School Children Make Model Cenotaph

DURING recent years the scholars attending the Senior Council School at Skegness have not attended the town’s observance of Armistice Day at the War Memorial (as was the case when the school was located on Roman Bank) but instead they join in a Remembrance Service in the School Hall.

An appropriate “setting” for this service is devised on different lines each year by the headmaster (Mr. H. Bamber) and his staff, and this year a model of the Cenotaph was decided upon.

This model, a photograph of which we reproduce above, was made in the handicrafts department of the school by the scholars themselves, under the careful supervision of the teachers. With the sole exception .of a little “finishing off” by the teachers, the model was made entirely by the youthful craftsmen, and readers will agree that it is a very faithful creation.
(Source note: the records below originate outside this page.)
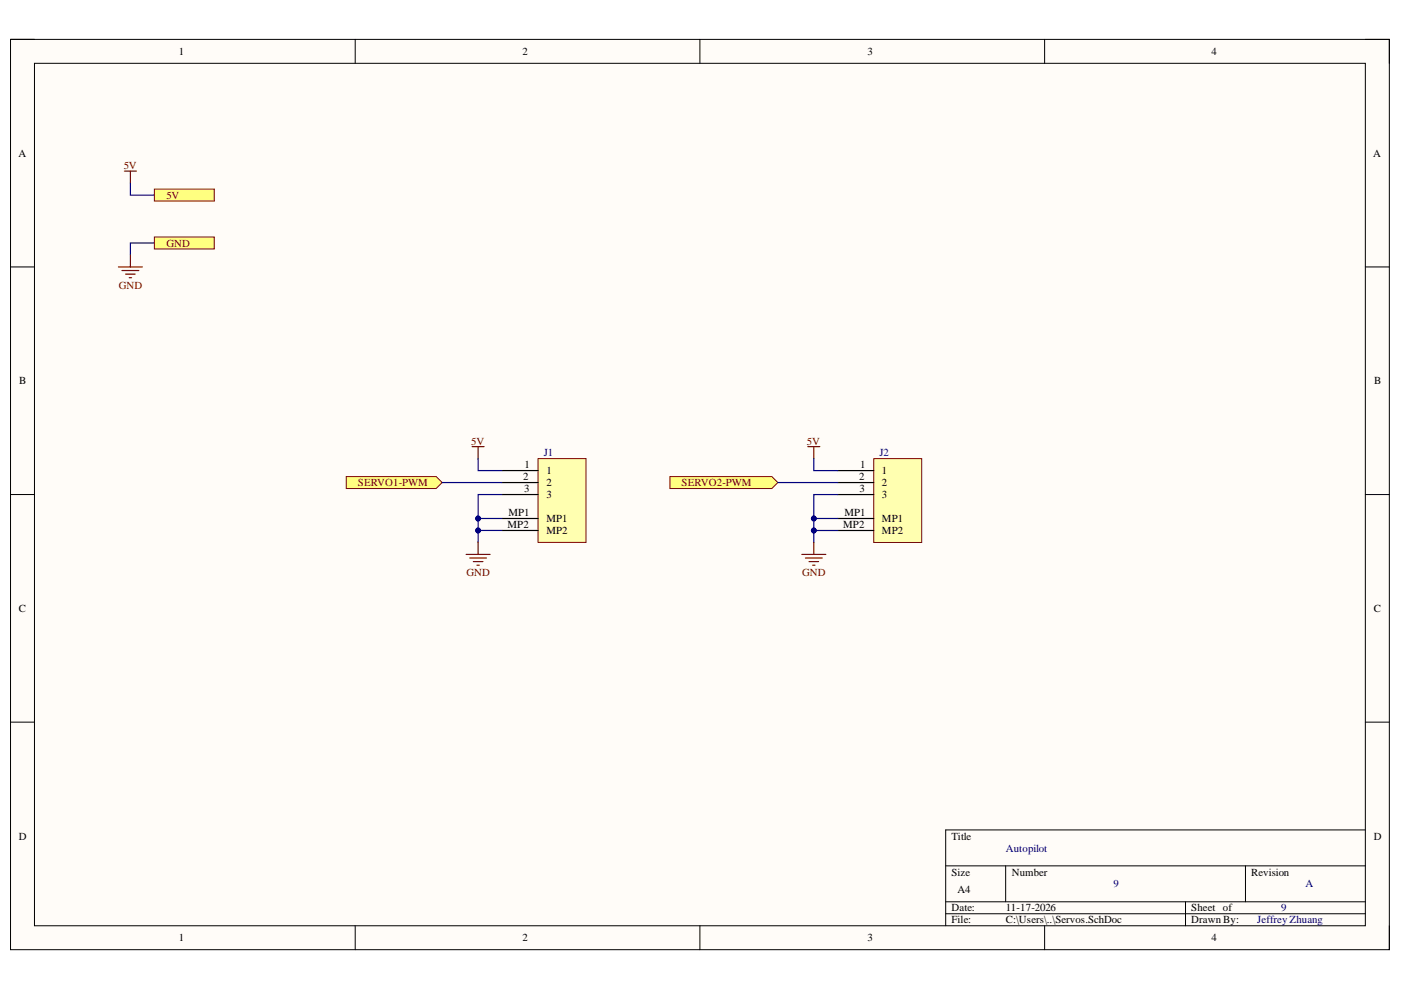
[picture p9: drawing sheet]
<svg xmlns="http://www.w3.org/2000/svg" width="297mm" height="210mm" viewBox="0 0 297 210" stroke-linecap="round" stroke-linejoin="round" font-family="sans-serif">
<defs><g id="words">
<g font-size="2.3">
<text x="37.9" y="11.7">1</text>
<text x="110.8" y="11.7">2</text>
<text x="184" y="11.7">3</text>
<text x="256.9" y="11.7">4</text>
<text x="3.9" y="33.3">A</text>
<text x="291.2" y="33.3">A</text>
<text x="4.1" y="81.5">B</text>
<text x="291.3" y="81.5">B</text>
<text x="110.9" y="101.9">2</text>
<text x="111.2" y="99.3">1</text>
<text x="115.8" y="100.6">1</text>
<text x="182.2" y="101.9">2</text>
<text x="182.3" y="99.3">1</text>
<text x="187" y="100.6">1</text>
<text x="111.1" y="104.4">3</text>
<text x="115.8" y="103.1">2</text>
<text x="115.8" y="105.7">3</text>
<text x="182.3" y="104.4">3</text>
<text x="187" y="103.1">2</text>
<text x="187" y="105.7">3</text>
<text x="107.6" y="112">MP2</text>
<text x="107.8" y="109.5">MP1</text>
<text x="115.8" y="110.7">MP1</text>
<text x="115.8" y="113.3">MP2</text>
<text x="178.8" y="112">MP2</text>
<text x="179" y="109.5">MP1</text>
<text x="187" y="110.7">MP1</text>
<text x="187" y="113.3">MP2</text>
<text x="4" y="129.8">C</text>
<text x="291.2" y="129.8">C</text>
<text x="4" y="178">D</text>
<text x="201.7" y="178">Title</text>
<text x="291.2" y="178">D</text>
<text x="201.7" y="185.6">Size</text>
<text x="214.5" y="185.6">Number</text>
<text x="265.3" y="185.6">Revision</text>
<text x="203" y="189.4">A4</text>
<text x="201.7" y="193.2">Date:</text>
<text x="201.7" y="195.8">File:</text>
<text x="213.2" y="193.2">11-17-2026</text>
<text x="213.2" y="195.8">C:\Users\..\Servos.SchDoc</text>
<text x="252.6" y="193.2">Sheet of</text>
<text x="252.6" y="195.8">Drawn By:</text>
<text x="37.9" y="199.6">1</text>
<text x="110.8" y="199.6">2</text>
<text x="184" y="199.6">3</text>
<text x="256.9" y="199.6">4</text>
</g>
<g font-size="2.3" fill="#800000">
<text x="26.2" y="35.8">5V</text>
<text x="35.3" y="42.2">5V</text>
<text x="35.3" y="52.3">GND</text>
<text x="25.2" y="61.2">GND</text>
<text x="99.9" y="94.3">5V</text>
<text x="171.1" y="94.3">5V</text>
<text x="75.9" y="103.1">SERVO1-PWM</text>
<text x="144.5" y="103.1">SERVO2-PWM</text>
<text x="98.9" y="122.1">GND</text>
<text x="170.1" y="122.1">GND</text>
</g>
<g font-size="2.3" fill="#000080">
<text x="115.3" y="96.8">J1</text>
<text x="186.5" y="96.8">J2</text>
<text x="213.2" y="180.6">Autopilot</text>
<text x="236.1" y="188.2">9</text>
<text x="276.8" y="188.2">A</text>
<text x="266.5" y="195.8">Jeffrey Zhuang</text>
<text x="271.6" y="193.2">9</text>
</g>
</g></defs>
<path d="M2.2 8.4h292.4v193h-292.4z" fill-rule="evenodd" fill="#fffcf8"/>
<path d="M2.2 8.4h292.4v193h-292.4z" fill="none" stroke="#000" stroke-width=".21"/>
<path d="M7.3 13.4h282.2v182.9h-282.2z" fill-rule="evenodd" fill="#fffcf8"/>
<g fill="none" stroke="#000" stroke-width=".21">
<path d="M2.2 8.3h5.1M7.3 13.4h282.2v182.9h-282.2zM75.3 8.3v5.1M148.4 8.3v5.1M221.5 8.4v5M289.5 8.4h5.1v5M2.2 56.6h5.1M289.5 56.6h5.1M2.2 104.9h5.1M289.5 104.9h5.1M2.2 153.1h5.1M289.5 153.1h5.1"/>
<path d="M289.5 176h-89v20.3M75.3 196.3v5.1M148.4 196.3v5.1M200.5 183.6h89M200.5 191.2h89M200.5 193.7h89M213.2 183.6v7.6M221.5 196.3v5.1M251.3 191.2v5.1M264.1 183.6v7.6M294.6 196.3v5.1"/>
</g>
<path d="M114.1 97.2h10.1v17.8h-10.1z" fill-rule="evenodd" fill="#ffffb0"/>
<path d="M114.1 97.2h10.1v17.8h-10.1z" fill="none" stroke="#800000" stroke-width=".21"/>
<path d="M106.5 99.8h7.6M106.5 102.3h7.6M106.5 104.9h7.6M106.5 109.9h7.6M106.5 112.5h7.6" fill="none" stroke="#000" stroke-width=".25"/>
<path d="M185.3 97.2h10.1v17.8h-10.1z" fill-rule="evenodd" fill="#ffffb0"/>
<path d="M185.3 97.2h10.1v17.8h-10.1z" fill="none" stroke="#800000" stroke-width=".21"/>
<path d="M177.6 99.8h7.7M177.6 102.3h7.7M177.6 104.9h7.7M177.6 109.9h7.7M177.6 112.5h7.7" fill="none" stroke="#000" stroke-width=".25"/>
<path d="M100.1 94.7h2.5M101.4 94.7v2.5" fill="none" stroke="#800000" stroke-width=".25"/>
<path d="M106.5 104.9h-5.1v10.1" fill="none" stroke="#000080" stroke-width=".25"/>
<circle cx="101.4" cy="112.5" r=".51" fill="#000080"/>
<circle cx="101.4" cy="112.5" r=".51" fill="none" stroke="#000080" stroke-width=".21"/>
<circle cx="101.4" cy="109.9" r=".51" fill="#000080"/>
<circle cx="101.4" cy="109.9" r=".51" fill="none" stroke="#000080" stroke-width=".21"/>
<path d="M101.4 97.2v2.6h5.1M177.6 104.9h-5.1v10.1" fill="none" stroke="#000080" stroke-width=".25"/>
<path d="M171.3 94.7h2.5M172.5 94.7v2.5" fill="none" stroke="#800000" stroke-width=".25"/>
<circle cx="172.5" cy="112.5" r=".51" fill="#000080"/>
<circle cx="172.5" cy="112.5" r=".51" fill="none" stroke="#000080" stroke-width=".21"/>
<circle cx="172.5" cy="109.9" r=".51" fill="#000080"/>
<circle cx="172.5" cy="109.9" r=".51" fill="none" stroke="#000080" stroke-width=".21"/>
<path d="M27.6 38.8v2.6h5.1M32.7 51.5h-5.1v2.6M172.5 97.2v2.6h5.1" fill="none" stroke="#000080" stroke-width=".25"/>
<path d="M26.4 36.3h2.5M27.6 36.3v2.5" fill="none" stroke="#800000" stroke-width=".25"/>
<path d="M32.7 40.1h12.7v2.5h-12.7z" fill-rule="evenodd" fill="#ffff80"/>
<path d="M32.7 40.1h12.7v2.5h-12.7z" fill="none" stroke="#800000" stroke-width=".21"/>
<path d="M32.7 50.2h12.7v2.6h-12.7z" fill-rule="evenodd" fill="#ffff80"/>
<path d="M32.7 50.2h12.7v2.6h-12.7z" fill="none" stroke="#800000" stroke-width=".21"/>
<g fill="none" stroke="#800000" stroke-width=".25">
<path d="M25.1 56.6h5.1M25.9 57.4h3.5M26.6 58.1h2.1M27.4 58.9h.5M27.6 54.1v2.5M98.8 117.6h5.1M99.6 118.3h3.5M100.3 119.1h2.1M101.1 119.8h.5M101.4 115v2.6M170 117.6h5.1M170.8 118.3h3.5"/>
<path d="M171.5 119.1h2.1M172.3 119.8h.5M172.5 115v2.6"/>
</g>
<path d="M73.4 101h19.1l1.2 1.3-1.2 1.3h-19.1z" fill-rule="evenodd" fill="#ffff80"/>
<path d="M73.4 101h19.1l1.2 1.3-1.2 1.3h-19.1z" fill="none" stroke="#800000" stroke-width=".21"/>
<path d="M93.7 102.3h12.8" fill="none" stroke="#000080" stroke-width=".25"/>
<path d="M142 101h21.6l1.3 1.3-1.3 1.3h-21.6z" fill-rule="evenodd" fill="#ffff80"/>
<path d="M142 101h21.6l1.3 1.3-1.3 1.3h-21.6z" fill="none" stroke="#800000" stroke-width=".21"/>
<path d="M101.4 112.5h5.1M164.9 102.3h12.7" fill="none" stroke="#000080" stroke-width=".25"/>
<circle cx="101.4" cy="112.5" r=".51" fill="#000080"/>
<circle cx="101.4" cy="112.5" r=".51" fill="none" stroke="#000080" stroke-width=".21"/>
<path d="M101.4 109.9h5.1" fill="none" stroke="#000080" stroke-width=".25"/>
<circle cx="101.4" cy="109.9" r=".51" fill="#000080"/>
<circle cx="101.4" cy="109.9" r=".51" fill="none" stroke="#000080" stroke-width=".21"/>
<path d="M172.5 112.5h5.1" fill="none" stroke="#000080" stroke-width=".25"/>
<circle cx="172.5" cy="112.5" r=".51" fill="#000080"/>
<circle cx="172.5" cy="112.5" r=".51" fill="none" stroke="#000080" stroke-width=".21"/>
<path d="M172.5 109.9h5.1" fill="none" stroke="#000080" stroke-width=".25"/>
<circle cx="172.5" cy="109.9" r=".51" fill="#000080"/>
<circle cx="172.5" cy="109.9" r=".51" fill="none" stroke="#000080" stroke-width=".21"/>
<use href="#words"/>
</svg>

Set on a pedestal draped with dark velvet curtains and with a background of the same material, the pure white model looked very striking. Earl Haig Fund poppies were also employed with discretion, and the complete effect was such as to bring home to the scholars those things which the majestic monument in Whitehall stands for.

Some 350 children were assembled for the service, which was commenced with the singing of the hymn, “O God our help in ages past.” Appropriate prayers taken from the Intercession Service were joined in, followed by the reading of the Armistice Day message of the Archbishop of Canterbury, after which the Two Minutes’ Silence was observed.

After the hymn, “The Supreme Sacrifice,” a short appropriate talk was given, this’ being followed by -the. singing of Kipling’s “Recessional.” and the service concluded with the National Anthem.

The photograph was taken by Mrs. Wrate, Lumley Road Post Office.

Source: Skegness Standard 16th November 1938

Note: The ‘Senior Council School’ referred to in the article, I understand, was the Lumley School which opened in 1932.